Les corps intermédiaires

"La construction d'une cité harmonieuse passe obligatoirement par la reconstitution de corps intermédiaires. On a trop oublié que l'homme ne vit pas tout seul, qu'il évolue "dans de toutes petites communautés", comme le disait Simone Weil. (Comme le corps humain est composé d'organes inégaux aux fonctions variées, le peuple est un assemblage de groupes différents, et non d'individus juxtaposés indifféremment que l'on compte arithmétiquement). Pour avoir oublié cet ordre naturel, on est tombé dans l'égalitarisme et l'uniformisation qui ont produit les affrontements de classe et d'intérêts, considérés faussement comme une loi de la vie. Le marxisme a systématisé ce principe d'opposition et de lutte".

"Ces organes sont la famille, composée d'un père et d'une mère qui donnent la vie, la protègent, la développent. L'école qui aide les familles à l'éducation des enfants. Les métiers qui intègrent ses membres dans la profession, forment, organisent les solidarités primaires et soutiennent les entreprises. Les entreprises qui créent, fabriquent, échangent. Les associations multiples qui répondent aux goûts, affinités, besoins de chacun : sociétés de pêche, art, culture, sport... les communes, les quartiers, les cantons assurent les besoins territoriaux. Les pays et les peuples en fonction du terroir, du climat, développent les coutumes locales. Les régions, ensembles intermédiaires plus vastes jusqu'à la nation, qui à son tour constitue un intermédiaire par rapport aux entités continentales et internationales".

"Chacun de ces rouages joue le rôle d'amortisseur, qui encaisse les à-coups de la vie. Il n'y a plus de classes supérieures et de classes inférieures qui s'affrontent ; plus d'entreprises puissantes qui absorbent les plus faibles. Chacun dans sa sphère oeuvre pour le bien de tous. Qu'un seul défaille, c'est la pagaille. Comme dans l'orchestre, chacun joue fidèlement sa partition. Imaginez le désordre si le premier violon revendiquait la liberté de concurrencer en puissance ou en vitesse le second violon !"

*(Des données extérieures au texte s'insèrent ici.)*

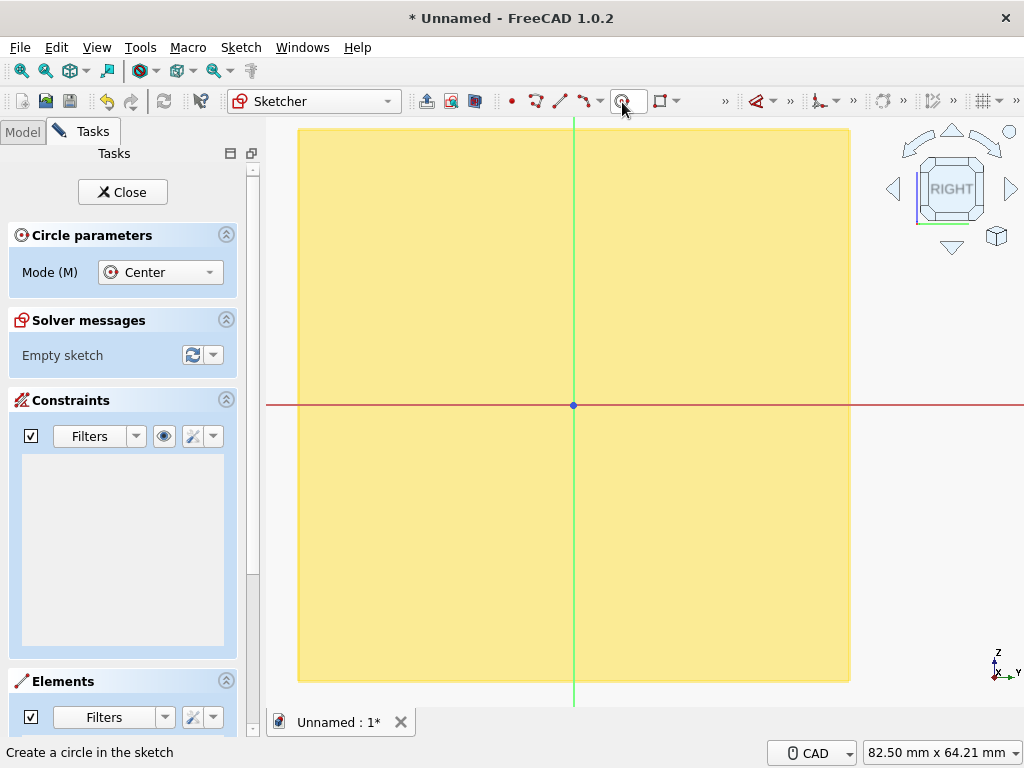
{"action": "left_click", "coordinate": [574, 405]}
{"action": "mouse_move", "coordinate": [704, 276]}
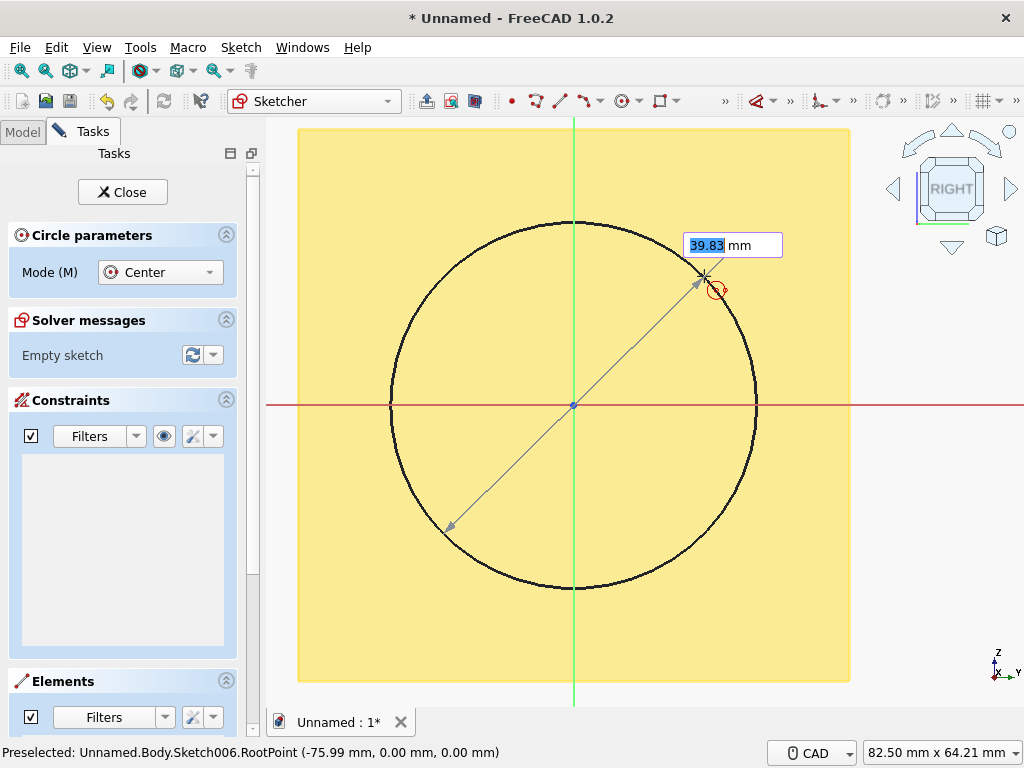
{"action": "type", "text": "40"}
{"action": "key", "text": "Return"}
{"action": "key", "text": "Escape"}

"Chaque corps intermédiaire correspond à une identité qu'il faut enrichir et préserver. C'est dans son espace propre de compétence qu'il doit jouir de libertés et exercer sa propre souveraineté, qui est un droit à l'autosuffisance fondé sur la liberté des personnes à s'autogérer. Aussi doivent-ils disposer de pouvoirs correspondants, c'est-à-dire être capables de faire leurs propres lois, assurer leur propre police et disposer des moyens financiers de leur indépendance. Les corps intermédiaires sont les éléments indispensables du lien social et les facteurs indispensables d'intégration. Au lieu de l'assistance et de la solidarité mécanique, ils doivent accomplir la plus grande partie des tâches de solidarité sociale.

Il faut remettre aux groupes décentralisés territoriaux et organiques les pouvoirs qui les concernent et restaurer la commune, la région, les corps économiques, sociaux et civiques dans leur plénitude au détriment de la centralisation de tous les pouvoirs".

"Dès lors la société est une fédération d'états autonomes interdépendants entre eux. Leurs rapports se règlent par compromis ou contrats négociés. Ces contrats deviennent autant de lois privées, authentifiées par l'autorité de l'État, qui les hisse au niveau de droit public. L'État n'est plus alors le gérant, mais le garant de ces souverainetés partielles qu'il protège, accroît et contrôle en vue du Bien Commun. La souveraineté nationale, établie sur le nombre, peut alors éclater en une multitude de souverainetés divisibles, sectorielles, mais solidairement unies au sommet autour d'un pouvoir renforcé".

"Parler de subsidiarité sans corps intermédiaires est un non sens. Le respect de la subsidiarité implique la reconnaissance d'une stratification sociale, la différenciation des pouvoirs et des inégalités qui en découlent".

(Restaurer le peuple en ses états. Une société de corps intermédiaires. - Benjamin Guillemaind Alliance Sociale des Peuples et Pays de France. 11 rue du Bel Air. 94230 Cachan).